Muchos recordaréis aquel momento de la vida del Fundador del Opus Dei, cuando le vino a la memoria la primera vez que tomó al Señor entre sus manos y cómo había temblado entonces físicamente, por su devoción y respeto; al recordarlo, volvió a experimentar un temblor idéntico, e imploró que nunca se habituase a tratarle ni a tocarle. Pues invoquemos su intercesión para que todos los fieles —y especialmente los sacerdotes— crezcamos en veneración hacia Jesucristo Sacramentado, y ahondemos en aquel sentido de adoración con que San Josemaría consumió su vida entera.

Deseo expresar mi felicitación más calurosa a los padres, parientes y amigos de los dos nuevos sacerdotes, y os suplico a todos que sigáis rezando por ellos, por intercesión de Nuestra Señora de Torreciudad.
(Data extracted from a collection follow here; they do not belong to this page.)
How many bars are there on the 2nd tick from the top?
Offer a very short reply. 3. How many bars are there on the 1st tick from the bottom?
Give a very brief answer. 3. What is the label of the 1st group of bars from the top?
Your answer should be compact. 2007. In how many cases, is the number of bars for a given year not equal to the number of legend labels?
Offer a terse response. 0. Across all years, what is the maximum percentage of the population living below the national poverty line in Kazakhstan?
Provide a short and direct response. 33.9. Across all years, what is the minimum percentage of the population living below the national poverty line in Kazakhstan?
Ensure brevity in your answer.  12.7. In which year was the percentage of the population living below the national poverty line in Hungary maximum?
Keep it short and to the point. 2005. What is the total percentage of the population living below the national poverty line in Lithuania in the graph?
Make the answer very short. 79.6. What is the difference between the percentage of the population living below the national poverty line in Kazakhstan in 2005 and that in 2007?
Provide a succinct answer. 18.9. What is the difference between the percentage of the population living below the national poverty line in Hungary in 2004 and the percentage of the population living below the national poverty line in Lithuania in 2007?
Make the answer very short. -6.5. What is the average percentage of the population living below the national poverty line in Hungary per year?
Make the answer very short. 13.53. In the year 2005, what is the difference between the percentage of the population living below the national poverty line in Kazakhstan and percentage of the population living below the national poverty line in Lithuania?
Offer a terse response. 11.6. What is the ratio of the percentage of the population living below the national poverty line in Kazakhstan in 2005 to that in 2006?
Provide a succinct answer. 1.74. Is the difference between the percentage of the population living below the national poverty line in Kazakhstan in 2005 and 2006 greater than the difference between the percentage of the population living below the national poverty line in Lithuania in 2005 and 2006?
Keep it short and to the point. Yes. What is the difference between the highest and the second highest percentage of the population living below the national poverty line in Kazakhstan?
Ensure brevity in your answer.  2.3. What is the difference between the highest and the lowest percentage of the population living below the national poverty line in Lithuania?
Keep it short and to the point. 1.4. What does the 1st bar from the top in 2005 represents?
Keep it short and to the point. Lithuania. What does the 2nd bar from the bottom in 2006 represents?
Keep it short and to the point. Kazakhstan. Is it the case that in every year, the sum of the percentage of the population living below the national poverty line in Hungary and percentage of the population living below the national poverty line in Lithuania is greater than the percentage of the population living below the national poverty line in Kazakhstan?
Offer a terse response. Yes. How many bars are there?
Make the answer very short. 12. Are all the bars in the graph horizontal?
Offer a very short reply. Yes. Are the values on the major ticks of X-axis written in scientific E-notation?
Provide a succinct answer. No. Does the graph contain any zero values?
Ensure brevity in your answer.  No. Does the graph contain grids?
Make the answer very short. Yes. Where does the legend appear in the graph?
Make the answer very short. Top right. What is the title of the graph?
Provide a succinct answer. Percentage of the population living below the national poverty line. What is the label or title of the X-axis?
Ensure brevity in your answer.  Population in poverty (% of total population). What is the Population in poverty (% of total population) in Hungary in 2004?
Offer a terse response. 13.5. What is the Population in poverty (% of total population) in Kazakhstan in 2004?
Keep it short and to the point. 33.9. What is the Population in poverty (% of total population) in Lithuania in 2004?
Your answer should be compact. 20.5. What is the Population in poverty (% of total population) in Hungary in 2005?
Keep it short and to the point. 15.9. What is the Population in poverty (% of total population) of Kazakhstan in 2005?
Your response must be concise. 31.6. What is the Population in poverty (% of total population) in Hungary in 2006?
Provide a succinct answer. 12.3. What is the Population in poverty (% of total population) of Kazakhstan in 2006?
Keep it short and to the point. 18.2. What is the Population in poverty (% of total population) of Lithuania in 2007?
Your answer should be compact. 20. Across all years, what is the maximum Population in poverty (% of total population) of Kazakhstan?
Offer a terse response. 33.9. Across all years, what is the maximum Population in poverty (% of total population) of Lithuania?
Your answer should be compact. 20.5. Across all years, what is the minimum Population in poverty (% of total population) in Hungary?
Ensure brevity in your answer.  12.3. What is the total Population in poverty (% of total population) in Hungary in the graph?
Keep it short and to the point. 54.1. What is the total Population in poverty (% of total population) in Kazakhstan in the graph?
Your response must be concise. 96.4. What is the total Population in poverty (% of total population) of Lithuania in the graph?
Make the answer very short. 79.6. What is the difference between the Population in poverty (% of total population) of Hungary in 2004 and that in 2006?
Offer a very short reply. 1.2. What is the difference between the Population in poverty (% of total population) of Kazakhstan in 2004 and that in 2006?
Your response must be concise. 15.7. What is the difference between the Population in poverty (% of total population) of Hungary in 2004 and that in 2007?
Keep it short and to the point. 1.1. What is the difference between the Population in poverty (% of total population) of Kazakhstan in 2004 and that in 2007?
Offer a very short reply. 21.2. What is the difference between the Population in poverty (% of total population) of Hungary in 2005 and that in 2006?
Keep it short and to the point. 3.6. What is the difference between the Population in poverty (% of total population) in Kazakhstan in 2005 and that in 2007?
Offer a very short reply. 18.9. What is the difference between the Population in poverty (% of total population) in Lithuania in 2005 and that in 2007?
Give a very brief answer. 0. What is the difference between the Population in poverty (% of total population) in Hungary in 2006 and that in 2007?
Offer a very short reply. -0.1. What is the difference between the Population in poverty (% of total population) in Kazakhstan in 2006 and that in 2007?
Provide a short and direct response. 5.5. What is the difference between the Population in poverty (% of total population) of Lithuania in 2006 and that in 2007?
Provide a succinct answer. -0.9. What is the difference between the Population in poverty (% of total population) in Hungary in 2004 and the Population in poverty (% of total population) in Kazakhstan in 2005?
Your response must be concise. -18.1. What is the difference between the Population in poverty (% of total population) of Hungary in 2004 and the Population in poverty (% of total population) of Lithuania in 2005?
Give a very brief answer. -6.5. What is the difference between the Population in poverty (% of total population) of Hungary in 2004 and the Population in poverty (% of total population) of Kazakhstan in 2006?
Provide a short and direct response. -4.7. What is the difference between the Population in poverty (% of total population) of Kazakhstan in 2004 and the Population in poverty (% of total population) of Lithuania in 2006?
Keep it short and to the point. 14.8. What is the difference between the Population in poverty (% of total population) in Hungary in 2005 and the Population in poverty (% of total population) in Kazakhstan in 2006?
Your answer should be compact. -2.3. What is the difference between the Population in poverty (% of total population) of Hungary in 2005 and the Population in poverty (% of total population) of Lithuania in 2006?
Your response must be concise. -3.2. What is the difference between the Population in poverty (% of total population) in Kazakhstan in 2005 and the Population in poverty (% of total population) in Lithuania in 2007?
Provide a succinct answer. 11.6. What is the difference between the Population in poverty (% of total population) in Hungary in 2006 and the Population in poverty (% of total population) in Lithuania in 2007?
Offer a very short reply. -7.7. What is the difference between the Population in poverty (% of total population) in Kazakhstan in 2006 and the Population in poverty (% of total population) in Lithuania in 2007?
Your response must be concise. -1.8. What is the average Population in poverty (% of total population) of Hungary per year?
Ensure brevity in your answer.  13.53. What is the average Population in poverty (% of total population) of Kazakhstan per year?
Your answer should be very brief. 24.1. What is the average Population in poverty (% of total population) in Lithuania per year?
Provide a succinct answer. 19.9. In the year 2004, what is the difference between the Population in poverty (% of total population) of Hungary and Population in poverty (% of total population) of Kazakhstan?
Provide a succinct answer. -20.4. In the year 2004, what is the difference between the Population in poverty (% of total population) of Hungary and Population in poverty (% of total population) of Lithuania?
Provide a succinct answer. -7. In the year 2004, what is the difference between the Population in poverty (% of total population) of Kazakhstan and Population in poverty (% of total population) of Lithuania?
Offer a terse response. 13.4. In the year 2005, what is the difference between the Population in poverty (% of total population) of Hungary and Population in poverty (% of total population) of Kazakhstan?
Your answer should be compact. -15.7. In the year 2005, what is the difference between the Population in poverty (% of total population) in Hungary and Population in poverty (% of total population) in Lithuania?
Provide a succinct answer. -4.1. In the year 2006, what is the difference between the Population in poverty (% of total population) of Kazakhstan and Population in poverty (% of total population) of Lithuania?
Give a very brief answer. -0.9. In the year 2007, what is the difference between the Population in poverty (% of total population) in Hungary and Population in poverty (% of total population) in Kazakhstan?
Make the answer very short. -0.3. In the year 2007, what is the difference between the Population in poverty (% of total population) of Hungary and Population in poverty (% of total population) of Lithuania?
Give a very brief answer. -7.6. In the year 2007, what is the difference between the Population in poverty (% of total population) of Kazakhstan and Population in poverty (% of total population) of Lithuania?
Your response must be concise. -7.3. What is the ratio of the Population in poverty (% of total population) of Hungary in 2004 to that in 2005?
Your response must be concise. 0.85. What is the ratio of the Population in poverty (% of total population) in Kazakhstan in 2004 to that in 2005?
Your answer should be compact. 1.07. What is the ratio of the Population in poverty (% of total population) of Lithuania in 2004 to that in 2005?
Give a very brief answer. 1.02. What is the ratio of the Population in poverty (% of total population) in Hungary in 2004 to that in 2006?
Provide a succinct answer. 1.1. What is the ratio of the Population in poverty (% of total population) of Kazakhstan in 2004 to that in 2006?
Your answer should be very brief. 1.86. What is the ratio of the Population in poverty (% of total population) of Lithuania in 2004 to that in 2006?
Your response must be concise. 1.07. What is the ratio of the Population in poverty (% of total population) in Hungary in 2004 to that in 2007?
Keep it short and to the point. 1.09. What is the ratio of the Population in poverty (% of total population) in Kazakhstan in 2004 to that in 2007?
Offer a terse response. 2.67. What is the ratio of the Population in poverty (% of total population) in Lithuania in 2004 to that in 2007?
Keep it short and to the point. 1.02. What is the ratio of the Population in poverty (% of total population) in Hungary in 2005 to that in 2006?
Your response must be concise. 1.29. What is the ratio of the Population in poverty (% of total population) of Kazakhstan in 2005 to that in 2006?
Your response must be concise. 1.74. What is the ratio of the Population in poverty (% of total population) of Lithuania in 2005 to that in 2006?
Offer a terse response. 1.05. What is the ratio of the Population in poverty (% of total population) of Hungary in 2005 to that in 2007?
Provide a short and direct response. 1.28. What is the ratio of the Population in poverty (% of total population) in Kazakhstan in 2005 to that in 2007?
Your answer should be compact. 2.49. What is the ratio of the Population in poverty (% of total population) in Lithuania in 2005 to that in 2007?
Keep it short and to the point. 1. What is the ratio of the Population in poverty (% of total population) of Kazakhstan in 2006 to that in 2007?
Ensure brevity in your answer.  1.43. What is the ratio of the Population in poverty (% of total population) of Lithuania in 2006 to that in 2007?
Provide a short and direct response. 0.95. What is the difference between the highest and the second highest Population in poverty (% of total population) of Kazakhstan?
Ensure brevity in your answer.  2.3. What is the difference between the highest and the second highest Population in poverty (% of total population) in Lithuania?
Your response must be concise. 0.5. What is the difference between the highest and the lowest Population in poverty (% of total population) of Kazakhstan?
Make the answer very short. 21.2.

Ruego a todos que recéis también por el Santo Padre Juan Pablo II, por su persona, por su salud y por todas sus intenciones. De modo particular, nos unimos hoy a su constante súplica por la paz del mundo y la concordia entre los pueblos, y a su visita al santuario de la Virgen de Loreto. Os encarezco también que no falte nuestra plegaria cotidiana por los obispos de España y del mundo.

En este año se cumple el centésimo aniversario de la intervención de la Santísima Virgen en la curación de San Josemaría Escrivá de Balaguer, cuando siendo niño de dos años cayó gravemente enfermo y su madre, con una oración llena de fe, obtuvo de Ella la gracia de su curación. Presentamos al Señor nuestras oraciones por manos de Santa María, Madre nuestra, para que la Reina del Cielo y de los Ángeles y de los hombres nos siga curando las enfermedades materiales y espirituales de sus hijas y de sus hijos, y aprendamos siempre de su entrega a la voluntad de Dios, que nos trajo al Señor en la Encarnación.

[1] JUAN PABLO II. Carta a todos los sacerdotes de la Iglesia, 8-IV-1979, n. 7.

[2] SAN JOSEMARÍA, Carta 8-VIII-56, n. 35.

[3] Mt 9, 37-38.

[4] SAN JOSEMARÍA, Carta 8-VIII-56, n. 17.

[5] JUAN PABLO II, Litt. enc. Ecclesia de Eucharistia, 17-IV-2003, n. 31.

[6] Ibid., n. 61.

[7] SAN JOSEMARÍA, Homilía Sacerdote para la eternidad, 13-IV-1973.

Romana, n. 39, julio-diciembre 2004, p. 183-187.